Seeding with Differentially Private Network Information
Yuxin Liu, M. Amin Rahimian, Fang-Yi Yu
TL;DR
The paper tackles the problem of selecting influential seeds for public health interventions when only privacy-protected influence samples, rather than full networks, are available. It introduces Influence Sample Differential Privacy (ISDP), a privacy notion that constrains how much the algorithm’s output can reveal about an individual's participation in diffusion cascades. Two DP seeding algorithms are developed under ISDP: a central-DP approach using the exponential mechanism and a local-DP approach using randomized response, with formal guarantees showing near-optimal performance under central DP and provable, though more sample-intensive, guarantees under local DP. Theoretical results and simulations on synthetic and ARTnet-based MSM networks demonstrate that privacy-robust seeding degrades gracefully as the privacy budget tightens, with central DP generally achieving better trade-offs than local DP. Overall, the work provides a practical privacy-preserving framework for network-intervention design that remains effective when only partial cascade data are accessible, and it offers accessible code and data references for replication and extension.
Abstract
In public health interventions such as distributing preexposure prophylaxis (PrEP) for HIV prevention, decision makers often use seeding algorithms to identify key individuals who can amplify intervention impact.
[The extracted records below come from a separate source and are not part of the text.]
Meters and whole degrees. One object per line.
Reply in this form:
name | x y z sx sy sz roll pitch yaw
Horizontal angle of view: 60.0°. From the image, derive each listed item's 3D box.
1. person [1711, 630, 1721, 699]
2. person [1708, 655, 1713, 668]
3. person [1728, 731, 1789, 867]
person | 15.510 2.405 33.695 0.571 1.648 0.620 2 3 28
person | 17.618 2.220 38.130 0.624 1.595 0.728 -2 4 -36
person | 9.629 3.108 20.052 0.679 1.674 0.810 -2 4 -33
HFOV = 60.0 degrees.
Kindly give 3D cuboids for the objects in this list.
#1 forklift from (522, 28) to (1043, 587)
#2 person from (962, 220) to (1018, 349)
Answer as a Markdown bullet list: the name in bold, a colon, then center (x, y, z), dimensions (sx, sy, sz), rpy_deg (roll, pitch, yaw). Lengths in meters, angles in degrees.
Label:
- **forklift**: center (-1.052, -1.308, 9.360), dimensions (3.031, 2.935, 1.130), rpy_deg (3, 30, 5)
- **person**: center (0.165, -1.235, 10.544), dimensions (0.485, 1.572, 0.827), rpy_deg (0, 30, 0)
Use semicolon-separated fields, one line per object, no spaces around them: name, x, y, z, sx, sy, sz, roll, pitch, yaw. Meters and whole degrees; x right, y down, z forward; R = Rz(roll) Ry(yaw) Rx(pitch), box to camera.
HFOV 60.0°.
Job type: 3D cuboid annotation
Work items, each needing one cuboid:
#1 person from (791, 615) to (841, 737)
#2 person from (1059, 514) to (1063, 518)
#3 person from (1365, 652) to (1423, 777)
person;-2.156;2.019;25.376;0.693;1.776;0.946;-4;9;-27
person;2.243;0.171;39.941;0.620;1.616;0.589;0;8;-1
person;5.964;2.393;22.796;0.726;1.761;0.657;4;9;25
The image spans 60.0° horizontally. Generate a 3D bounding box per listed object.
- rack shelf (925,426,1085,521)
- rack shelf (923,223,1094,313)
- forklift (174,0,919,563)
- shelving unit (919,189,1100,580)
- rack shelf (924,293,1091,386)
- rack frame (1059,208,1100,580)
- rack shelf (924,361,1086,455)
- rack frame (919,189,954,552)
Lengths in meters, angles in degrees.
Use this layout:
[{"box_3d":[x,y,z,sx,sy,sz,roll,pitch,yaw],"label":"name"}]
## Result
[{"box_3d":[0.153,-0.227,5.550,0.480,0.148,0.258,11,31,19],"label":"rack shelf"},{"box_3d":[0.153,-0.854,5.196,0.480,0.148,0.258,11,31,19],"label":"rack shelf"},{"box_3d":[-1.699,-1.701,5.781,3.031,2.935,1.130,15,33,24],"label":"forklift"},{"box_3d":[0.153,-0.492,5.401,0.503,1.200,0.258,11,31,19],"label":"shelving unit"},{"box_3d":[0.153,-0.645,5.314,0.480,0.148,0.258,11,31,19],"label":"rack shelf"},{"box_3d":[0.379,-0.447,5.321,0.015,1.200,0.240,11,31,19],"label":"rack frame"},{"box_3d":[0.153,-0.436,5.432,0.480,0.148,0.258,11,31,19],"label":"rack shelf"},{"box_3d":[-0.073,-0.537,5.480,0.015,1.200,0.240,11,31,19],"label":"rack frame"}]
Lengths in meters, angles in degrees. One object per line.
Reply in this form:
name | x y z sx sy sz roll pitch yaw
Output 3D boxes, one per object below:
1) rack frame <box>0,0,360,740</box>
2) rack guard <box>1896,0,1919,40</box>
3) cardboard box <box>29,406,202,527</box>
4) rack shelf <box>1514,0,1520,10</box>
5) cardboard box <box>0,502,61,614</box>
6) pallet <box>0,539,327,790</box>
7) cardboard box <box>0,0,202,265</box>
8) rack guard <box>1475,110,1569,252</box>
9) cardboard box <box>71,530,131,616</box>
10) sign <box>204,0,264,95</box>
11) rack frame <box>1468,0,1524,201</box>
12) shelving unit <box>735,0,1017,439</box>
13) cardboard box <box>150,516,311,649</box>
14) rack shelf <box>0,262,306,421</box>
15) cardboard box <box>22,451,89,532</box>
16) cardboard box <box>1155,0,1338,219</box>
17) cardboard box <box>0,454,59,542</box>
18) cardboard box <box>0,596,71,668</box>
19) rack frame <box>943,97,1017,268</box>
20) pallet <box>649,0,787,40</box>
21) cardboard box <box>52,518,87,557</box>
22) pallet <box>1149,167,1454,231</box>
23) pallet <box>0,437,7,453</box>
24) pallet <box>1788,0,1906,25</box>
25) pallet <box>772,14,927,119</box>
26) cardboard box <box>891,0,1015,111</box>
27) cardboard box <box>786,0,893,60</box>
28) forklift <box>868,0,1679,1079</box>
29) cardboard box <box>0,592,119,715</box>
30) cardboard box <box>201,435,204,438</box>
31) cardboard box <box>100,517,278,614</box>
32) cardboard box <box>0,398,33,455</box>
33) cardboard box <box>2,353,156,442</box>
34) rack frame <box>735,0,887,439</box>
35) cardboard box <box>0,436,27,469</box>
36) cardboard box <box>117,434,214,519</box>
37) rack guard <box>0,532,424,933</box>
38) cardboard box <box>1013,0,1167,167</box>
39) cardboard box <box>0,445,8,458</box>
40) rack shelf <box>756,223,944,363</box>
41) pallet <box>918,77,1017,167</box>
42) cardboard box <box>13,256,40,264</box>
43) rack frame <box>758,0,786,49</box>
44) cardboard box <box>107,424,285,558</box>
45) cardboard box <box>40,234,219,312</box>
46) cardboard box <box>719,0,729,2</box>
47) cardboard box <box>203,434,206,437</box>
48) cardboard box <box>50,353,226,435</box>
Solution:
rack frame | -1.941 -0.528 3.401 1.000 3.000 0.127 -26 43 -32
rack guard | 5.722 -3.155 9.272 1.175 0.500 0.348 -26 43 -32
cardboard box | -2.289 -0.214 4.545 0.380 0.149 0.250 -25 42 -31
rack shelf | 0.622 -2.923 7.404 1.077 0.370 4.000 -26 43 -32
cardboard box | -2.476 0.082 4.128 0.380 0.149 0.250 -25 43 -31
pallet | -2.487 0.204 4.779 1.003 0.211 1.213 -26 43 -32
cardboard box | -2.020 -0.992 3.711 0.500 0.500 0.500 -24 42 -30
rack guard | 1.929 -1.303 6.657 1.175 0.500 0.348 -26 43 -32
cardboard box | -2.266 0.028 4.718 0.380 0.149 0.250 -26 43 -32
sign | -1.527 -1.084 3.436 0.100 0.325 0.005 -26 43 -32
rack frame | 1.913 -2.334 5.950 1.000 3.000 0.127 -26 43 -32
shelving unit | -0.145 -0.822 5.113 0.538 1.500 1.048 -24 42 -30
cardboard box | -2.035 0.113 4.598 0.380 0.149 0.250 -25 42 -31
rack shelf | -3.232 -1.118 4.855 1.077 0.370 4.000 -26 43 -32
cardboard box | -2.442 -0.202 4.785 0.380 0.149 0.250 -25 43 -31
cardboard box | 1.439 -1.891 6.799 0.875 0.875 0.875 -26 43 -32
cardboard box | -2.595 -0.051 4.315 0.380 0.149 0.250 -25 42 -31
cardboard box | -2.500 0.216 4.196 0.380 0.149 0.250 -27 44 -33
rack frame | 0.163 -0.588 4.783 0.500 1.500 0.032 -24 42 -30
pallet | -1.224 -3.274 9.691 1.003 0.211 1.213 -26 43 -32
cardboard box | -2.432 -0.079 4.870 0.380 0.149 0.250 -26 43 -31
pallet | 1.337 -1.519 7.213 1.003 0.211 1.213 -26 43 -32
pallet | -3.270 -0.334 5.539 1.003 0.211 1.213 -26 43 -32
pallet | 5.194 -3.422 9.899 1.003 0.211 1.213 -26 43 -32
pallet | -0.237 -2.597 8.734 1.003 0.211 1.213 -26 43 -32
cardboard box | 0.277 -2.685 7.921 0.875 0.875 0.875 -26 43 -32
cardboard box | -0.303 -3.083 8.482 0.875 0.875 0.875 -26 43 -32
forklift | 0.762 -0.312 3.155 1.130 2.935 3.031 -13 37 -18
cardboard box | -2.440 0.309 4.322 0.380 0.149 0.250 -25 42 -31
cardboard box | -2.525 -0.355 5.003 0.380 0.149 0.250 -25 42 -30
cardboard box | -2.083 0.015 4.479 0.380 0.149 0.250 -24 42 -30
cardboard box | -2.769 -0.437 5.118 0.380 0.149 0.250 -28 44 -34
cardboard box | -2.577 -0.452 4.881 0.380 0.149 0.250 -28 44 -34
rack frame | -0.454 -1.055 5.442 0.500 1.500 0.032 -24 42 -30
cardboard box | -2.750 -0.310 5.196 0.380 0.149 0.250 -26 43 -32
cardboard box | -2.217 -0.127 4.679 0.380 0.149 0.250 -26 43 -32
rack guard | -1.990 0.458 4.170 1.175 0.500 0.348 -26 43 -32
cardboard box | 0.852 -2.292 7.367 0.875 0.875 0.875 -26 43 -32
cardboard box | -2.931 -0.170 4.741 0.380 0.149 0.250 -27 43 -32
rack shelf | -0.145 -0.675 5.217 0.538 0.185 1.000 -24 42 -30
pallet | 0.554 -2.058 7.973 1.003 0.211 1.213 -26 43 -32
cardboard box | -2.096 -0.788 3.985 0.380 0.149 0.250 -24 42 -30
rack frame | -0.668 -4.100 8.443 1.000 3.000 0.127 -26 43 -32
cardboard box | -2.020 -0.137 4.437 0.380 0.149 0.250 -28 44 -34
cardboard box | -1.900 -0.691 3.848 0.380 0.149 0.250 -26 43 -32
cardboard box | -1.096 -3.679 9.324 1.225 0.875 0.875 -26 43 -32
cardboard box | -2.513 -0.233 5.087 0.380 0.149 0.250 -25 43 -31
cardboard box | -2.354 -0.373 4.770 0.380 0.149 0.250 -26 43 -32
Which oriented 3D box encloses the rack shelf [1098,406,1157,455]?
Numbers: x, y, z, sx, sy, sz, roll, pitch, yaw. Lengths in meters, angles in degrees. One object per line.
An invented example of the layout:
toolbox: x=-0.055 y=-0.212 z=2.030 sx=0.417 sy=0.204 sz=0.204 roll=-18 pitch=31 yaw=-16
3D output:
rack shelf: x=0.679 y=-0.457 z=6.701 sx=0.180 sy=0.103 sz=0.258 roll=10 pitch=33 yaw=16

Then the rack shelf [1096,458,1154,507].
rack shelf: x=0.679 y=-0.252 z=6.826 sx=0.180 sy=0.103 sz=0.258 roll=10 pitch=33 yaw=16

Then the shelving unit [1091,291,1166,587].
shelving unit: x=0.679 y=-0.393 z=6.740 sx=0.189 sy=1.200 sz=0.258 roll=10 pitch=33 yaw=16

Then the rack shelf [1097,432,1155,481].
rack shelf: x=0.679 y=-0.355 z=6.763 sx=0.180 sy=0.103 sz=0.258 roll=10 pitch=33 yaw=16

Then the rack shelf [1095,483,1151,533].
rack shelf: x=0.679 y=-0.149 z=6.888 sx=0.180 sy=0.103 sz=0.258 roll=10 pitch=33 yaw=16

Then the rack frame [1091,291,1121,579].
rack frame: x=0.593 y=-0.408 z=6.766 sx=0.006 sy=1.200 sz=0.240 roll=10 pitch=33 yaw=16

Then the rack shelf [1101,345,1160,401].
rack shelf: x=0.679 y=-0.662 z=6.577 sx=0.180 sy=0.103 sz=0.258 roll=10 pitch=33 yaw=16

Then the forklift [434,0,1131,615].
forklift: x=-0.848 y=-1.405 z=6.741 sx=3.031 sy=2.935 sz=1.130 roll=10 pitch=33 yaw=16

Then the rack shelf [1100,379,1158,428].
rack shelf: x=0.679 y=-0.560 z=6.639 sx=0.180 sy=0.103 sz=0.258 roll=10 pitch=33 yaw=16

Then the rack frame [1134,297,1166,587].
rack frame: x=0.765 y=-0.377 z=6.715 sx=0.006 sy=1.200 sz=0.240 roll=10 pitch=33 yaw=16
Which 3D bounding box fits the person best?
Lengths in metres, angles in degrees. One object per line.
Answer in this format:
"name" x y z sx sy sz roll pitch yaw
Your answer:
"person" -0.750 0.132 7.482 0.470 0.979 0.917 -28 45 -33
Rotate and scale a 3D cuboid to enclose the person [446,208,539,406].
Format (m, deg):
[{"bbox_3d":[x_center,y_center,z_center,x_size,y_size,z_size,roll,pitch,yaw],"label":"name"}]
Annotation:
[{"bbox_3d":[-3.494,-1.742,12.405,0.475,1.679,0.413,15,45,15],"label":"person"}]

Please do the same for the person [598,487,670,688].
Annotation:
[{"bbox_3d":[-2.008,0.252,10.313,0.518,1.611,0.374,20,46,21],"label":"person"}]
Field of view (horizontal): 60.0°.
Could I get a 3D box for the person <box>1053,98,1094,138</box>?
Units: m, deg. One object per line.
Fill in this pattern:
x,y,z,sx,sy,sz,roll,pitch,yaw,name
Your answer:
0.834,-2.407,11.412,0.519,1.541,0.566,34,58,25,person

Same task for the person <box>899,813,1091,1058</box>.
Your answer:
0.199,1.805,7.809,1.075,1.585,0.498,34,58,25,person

However, building a complete sexual activity network is typically infeasible due to privacy concerns. Instead, contact tracing can provide influence samples, observed sequences of sexual contacts, without full network reconstruction. This raises two challenges: protecting individual privacy in these samples and adapting seeding algorithms to incomplete data. We study differential privacy guarantees for influence maximization when the input consists of randomly collected cascades. Building on recent advances in costly seeding, we propose privacy-preserving algorithms that introduce randomization in data or outputs and bound the privacy loss of each node. Theoretical analysis and simulations on synthetic and real-world sexual contact data show that performance degrades gracefully as privacy budgets tighten, with central privacy regimes achieving better trade-offs than local ones.